» **Data supplied**
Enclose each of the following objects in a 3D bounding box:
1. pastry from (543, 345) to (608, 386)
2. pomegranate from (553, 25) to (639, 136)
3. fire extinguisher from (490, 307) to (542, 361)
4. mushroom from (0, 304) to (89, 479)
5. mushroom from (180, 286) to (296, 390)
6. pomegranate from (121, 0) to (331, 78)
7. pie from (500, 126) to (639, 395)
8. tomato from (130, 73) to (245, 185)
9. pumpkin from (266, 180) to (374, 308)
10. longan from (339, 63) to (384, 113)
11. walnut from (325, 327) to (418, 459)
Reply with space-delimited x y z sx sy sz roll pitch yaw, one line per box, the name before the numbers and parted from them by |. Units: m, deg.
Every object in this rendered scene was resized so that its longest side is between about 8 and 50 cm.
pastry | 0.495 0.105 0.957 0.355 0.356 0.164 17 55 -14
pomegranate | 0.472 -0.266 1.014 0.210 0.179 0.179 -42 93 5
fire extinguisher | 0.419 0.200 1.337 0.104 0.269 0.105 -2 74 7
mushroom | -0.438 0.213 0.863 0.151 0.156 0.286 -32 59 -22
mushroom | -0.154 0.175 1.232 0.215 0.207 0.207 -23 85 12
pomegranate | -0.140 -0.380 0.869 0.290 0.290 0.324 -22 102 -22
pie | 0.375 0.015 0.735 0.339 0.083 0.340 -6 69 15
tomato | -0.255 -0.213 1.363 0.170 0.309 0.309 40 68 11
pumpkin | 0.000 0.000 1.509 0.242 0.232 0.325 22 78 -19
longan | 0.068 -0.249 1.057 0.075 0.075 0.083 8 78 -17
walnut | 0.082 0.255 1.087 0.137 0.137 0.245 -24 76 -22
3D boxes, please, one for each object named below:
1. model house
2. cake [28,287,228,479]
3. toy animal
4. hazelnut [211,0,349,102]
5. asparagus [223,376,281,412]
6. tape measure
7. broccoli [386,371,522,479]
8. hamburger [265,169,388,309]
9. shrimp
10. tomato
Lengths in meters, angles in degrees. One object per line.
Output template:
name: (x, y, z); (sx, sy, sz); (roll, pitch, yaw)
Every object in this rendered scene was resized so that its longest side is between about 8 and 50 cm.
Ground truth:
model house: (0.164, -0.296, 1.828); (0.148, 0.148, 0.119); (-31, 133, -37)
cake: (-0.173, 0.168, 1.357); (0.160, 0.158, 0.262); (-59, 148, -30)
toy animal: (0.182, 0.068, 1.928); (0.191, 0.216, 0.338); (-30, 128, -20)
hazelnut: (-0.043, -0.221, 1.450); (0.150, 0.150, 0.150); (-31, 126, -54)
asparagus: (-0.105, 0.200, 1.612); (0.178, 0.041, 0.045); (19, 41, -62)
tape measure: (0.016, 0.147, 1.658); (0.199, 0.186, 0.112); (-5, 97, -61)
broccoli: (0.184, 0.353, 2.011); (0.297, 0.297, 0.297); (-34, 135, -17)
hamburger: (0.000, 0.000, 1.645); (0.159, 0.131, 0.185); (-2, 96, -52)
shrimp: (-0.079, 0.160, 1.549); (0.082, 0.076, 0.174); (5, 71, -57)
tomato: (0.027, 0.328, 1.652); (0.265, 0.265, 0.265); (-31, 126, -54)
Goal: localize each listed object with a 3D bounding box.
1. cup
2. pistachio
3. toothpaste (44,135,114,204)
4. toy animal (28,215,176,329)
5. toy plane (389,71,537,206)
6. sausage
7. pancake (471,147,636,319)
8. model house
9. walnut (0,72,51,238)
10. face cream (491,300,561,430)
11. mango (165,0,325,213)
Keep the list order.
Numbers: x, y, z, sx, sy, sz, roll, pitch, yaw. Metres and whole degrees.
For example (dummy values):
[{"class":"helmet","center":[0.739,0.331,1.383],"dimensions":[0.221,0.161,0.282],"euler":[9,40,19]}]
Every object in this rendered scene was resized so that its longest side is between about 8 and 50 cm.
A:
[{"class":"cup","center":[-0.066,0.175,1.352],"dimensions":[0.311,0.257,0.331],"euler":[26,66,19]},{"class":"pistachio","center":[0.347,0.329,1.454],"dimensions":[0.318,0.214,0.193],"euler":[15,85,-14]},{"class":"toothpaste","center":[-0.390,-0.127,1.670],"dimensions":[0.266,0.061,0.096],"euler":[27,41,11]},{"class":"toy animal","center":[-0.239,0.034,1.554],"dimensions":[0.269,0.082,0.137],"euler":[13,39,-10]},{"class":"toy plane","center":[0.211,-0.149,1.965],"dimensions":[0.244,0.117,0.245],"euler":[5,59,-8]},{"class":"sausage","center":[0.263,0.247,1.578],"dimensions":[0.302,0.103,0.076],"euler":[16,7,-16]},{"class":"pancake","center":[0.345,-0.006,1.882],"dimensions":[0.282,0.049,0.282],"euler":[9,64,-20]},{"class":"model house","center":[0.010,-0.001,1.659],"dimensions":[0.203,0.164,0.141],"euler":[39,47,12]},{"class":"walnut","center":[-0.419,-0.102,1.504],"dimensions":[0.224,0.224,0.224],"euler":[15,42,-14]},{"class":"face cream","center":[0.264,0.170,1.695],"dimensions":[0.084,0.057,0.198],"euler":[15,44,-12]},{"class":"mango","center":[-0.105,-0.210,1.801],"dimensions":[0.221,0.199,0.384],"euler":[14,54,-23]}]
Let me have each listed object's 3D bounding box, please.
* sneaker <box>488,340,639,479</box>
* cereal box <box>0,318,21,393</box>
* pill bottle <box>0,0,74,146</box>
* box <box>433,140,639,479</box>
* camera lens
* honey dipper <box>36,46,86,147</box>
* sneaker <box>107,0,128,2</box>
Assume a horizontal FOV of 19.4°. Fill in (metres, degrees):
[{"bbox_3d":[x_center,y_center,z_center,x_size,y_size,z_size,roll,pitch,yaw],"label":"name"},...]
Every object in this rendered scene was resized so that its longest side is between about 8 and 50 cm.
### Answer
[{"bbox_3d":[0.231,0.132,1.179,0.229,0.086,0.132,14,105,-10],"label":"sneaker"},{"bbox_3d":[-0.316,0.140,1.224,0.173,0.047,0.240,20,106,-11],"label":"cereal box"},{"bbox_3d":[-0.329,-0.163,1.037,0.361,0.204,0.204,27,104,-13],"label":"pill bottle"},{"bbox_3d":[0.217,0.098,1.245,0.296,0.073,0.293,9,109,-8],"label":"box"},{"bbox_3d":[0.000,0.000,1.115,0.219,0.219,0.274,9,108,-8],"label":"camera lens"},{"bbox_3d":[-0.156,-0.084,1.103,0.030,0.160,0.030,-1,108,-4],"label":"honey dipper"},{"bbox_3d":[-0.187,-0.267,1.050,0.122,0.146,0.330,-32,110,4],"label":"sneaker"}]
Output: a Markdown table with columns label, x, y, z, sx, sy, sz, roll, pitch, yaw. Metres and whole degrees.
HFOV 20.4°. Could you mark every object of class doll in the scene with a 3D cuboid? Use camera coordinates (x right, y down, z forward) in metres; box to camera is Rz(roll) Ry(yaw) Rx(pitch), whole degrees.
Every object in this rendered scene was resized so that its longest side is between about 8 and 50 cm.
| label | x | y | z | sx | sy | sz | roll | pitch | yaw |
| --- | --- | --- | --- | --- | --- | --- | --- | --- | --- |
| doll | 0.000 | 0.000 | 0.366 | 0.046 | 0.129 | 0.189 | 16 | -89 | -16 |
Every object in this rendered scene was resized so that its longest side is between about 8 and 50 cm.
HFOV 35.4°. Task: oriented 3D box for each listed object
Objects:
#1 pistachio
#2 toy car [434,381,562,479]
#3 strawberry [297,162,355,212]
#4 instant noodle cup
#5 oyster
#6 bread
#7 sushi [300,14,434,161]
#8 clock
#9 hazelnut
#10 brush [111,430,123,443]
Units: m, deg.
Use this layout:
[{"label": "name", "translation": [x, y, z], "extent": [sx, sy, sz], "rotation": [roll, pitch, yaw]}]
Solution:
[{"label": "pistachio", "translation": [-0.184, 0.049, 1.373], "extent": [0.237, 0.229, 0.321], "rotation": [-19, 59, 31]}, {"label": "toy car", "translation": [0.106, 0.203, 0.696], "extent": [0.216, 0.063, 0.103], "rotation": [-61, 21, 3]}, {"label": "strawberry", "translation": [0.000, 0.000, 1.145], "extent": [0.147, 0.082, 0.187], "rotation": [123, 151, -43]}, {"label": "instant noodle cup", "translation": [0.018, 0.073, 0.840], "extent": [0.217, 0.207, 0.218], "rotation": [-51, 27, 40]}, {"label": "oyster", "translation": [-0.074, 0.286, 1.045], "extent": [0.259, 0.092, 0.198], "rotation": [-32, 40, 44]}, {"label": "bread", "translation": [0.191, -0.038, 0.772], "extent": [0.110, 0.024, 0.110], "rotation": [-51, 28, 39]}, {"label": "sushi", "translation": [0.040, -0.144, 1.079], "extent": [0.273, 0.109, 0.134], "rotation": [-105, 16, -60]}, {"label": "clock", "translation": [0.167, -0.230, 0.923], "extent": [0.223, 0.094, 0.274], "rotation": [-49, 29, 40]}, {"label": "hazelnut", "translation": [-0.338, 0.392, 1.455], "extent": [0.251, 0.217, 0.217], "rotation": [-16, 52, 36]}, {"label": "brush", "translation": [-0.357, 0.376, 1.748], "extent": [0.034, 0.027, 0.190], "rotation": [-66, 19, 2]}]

» **Your goal**
Every line from the top of the material through the line containing "11. walnut from (325, 327) to (418, 459)" must be transcribed exactly, and no other line may appear.

» **Response**
Enclose each of the following objects in a 3D bounding box:
1. pastry from (543, 345) to (608, 386)
2. pomegranate from (553, 25) to (639, 136)
3. fire extinguisher from (490, 307) to (542, 361)
4. mushroom from (0, 304) to (89, 479)
5. mushroom from (180, 286) to (296, 390)
6. pomegranate from (121, 0) to (331, 78)
7. pie from (500, 126) to (639, 395)
8. tomato from (130, 73) to (245, 185)
9. pumpkin from (266, 180) to (374, 308)
10. longan from (339, 63) to (384, 113)
11. walnut from (325, 327) to (418, 459)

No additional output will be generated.